(Extracted records)
Segment Open

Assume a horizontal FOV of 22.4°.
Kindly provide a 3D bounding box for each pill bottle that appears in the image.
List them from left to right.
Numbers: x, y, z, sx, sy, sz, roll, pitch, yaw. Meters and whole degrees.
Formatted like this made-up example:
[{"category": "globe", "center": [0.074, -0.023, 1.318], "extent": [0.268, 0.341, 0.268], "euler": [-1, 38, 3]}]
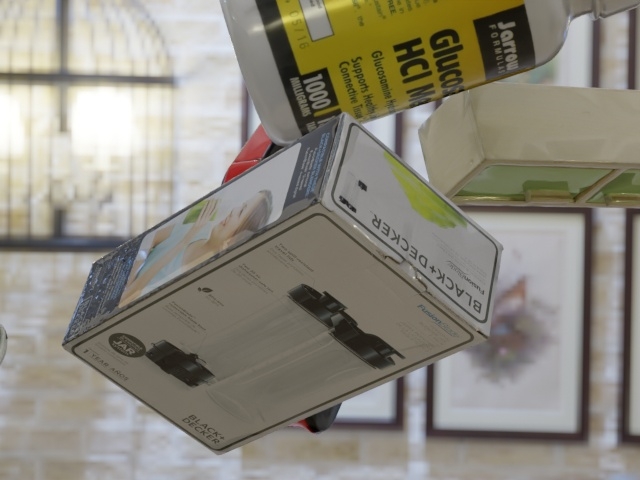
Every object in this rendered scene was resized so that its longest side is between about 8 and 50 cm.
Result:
[{"category": "pill bottle", "center": [0.090, -0.213, 1.360], "extent": [0.334, 0.188, 0.188], "euler": [-18, 0, 4]}]

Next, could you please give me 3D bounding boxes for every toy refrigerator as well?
[{"category": "toy refrigerator", "center": [0.242, -0.088, 1.593], "extent": [0.270, 0.094, 0.102], "euler": [0, -24, -28]}]

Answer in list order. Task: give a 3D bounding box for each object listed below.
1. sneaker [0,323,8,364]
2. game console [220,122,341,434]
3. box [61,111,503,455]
[{"category": "sneaker", "center": [-0.480, 0.185, 2.057], "extent": [0.094, 0.091, 0.258], "euler": [33, 34, -7]}, {"category": "game console", "center": [0.000, 0.000, 1.936], "extent": [0.060, 0.386, 0.342], "euler": [5, 39, 25]}, {"category": "box", "center": [-0.030, 0.042, 1.169], "extent": [0.169, 0.087, 0.290], "euler": [38, -44, -25]}]
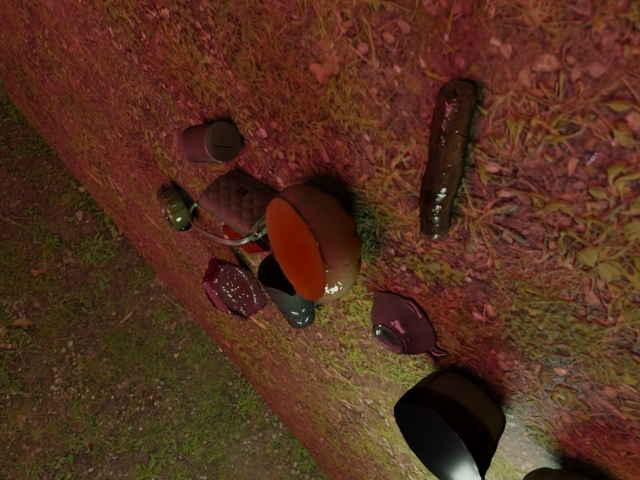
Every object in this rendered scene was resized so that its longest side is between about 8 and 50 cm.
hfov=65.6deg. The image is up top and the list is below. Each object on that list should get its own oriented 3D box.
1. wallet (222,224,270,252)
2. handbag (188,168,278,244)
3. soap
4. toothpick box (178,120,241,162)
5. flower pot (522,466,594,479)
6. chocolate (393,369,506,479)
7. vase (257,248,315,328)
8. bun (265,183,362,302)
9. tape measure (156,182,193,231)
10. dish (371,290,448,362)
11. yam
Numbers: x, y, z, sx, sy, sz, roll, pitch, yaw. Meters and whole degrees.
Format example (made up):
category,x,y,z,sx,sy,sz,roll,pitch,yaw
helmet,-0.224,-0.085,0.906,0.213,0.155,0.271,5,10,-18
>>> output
category,x,y,z,sx,sy,sz,roll,pitch,yaw
wallet,-0.250,-0.009,1.653,0.142,0.045,0.204,45,162,-15
handbag,-0.244,-0.085,1.394,0.256,0.219,0.079,30,149,30
soap,-0.344,0.184,1.924,0.112,0.182,0.289,11,135,45
toothpick box,-0.307,-0.269,1.372,0.181,0.111,0.111,11,134,52
flower pot,0.552,0.647,1.132,0.246,0.246,0.195,31,180,31
chocolate,0.343,0.458,1.257,0.283,0.186,0.283,41,148,33
vase,-0.094,0.157,1.583,0.301,0.156,0.251,74,172,-49
bun,0.000,0.000,1.204,0.299,0.165,0.299,41,143,42
tape measure,-0.568,-0.125,1.948,0.175,0.106,0.200,44,154,41
dish,0.209,0.244,1.297,0.246,0.078,0.224,44,151,10
yam,0.209,-0.122,0.844,0.067,0.071,0.317,2,139,6
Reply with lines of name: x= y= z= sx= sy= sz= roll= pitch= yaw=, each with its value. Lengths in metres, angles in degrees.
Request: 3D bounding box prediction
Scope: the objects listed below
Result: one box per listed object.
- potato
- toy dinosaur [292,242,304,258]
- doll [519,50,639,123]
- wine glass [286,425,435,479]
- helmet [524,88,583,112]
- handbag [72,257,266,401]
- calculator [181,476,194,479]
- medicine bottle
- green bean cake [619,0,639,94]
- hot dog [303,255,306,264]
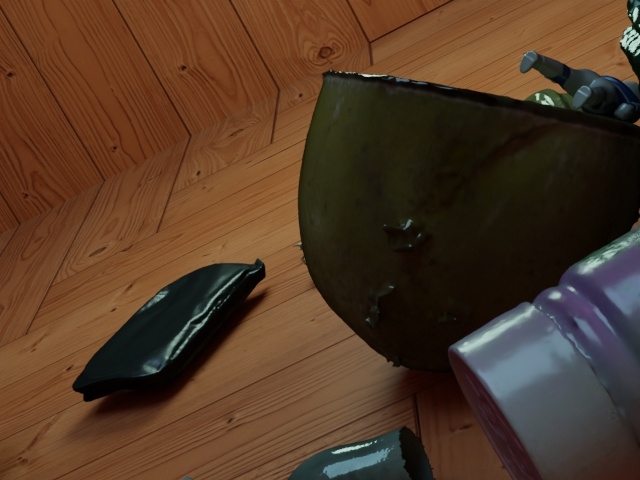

Segment Closed

▶ [Action item]
If a line in the records holds the word "below", count it, then give only the total.

▶ [Task output]
3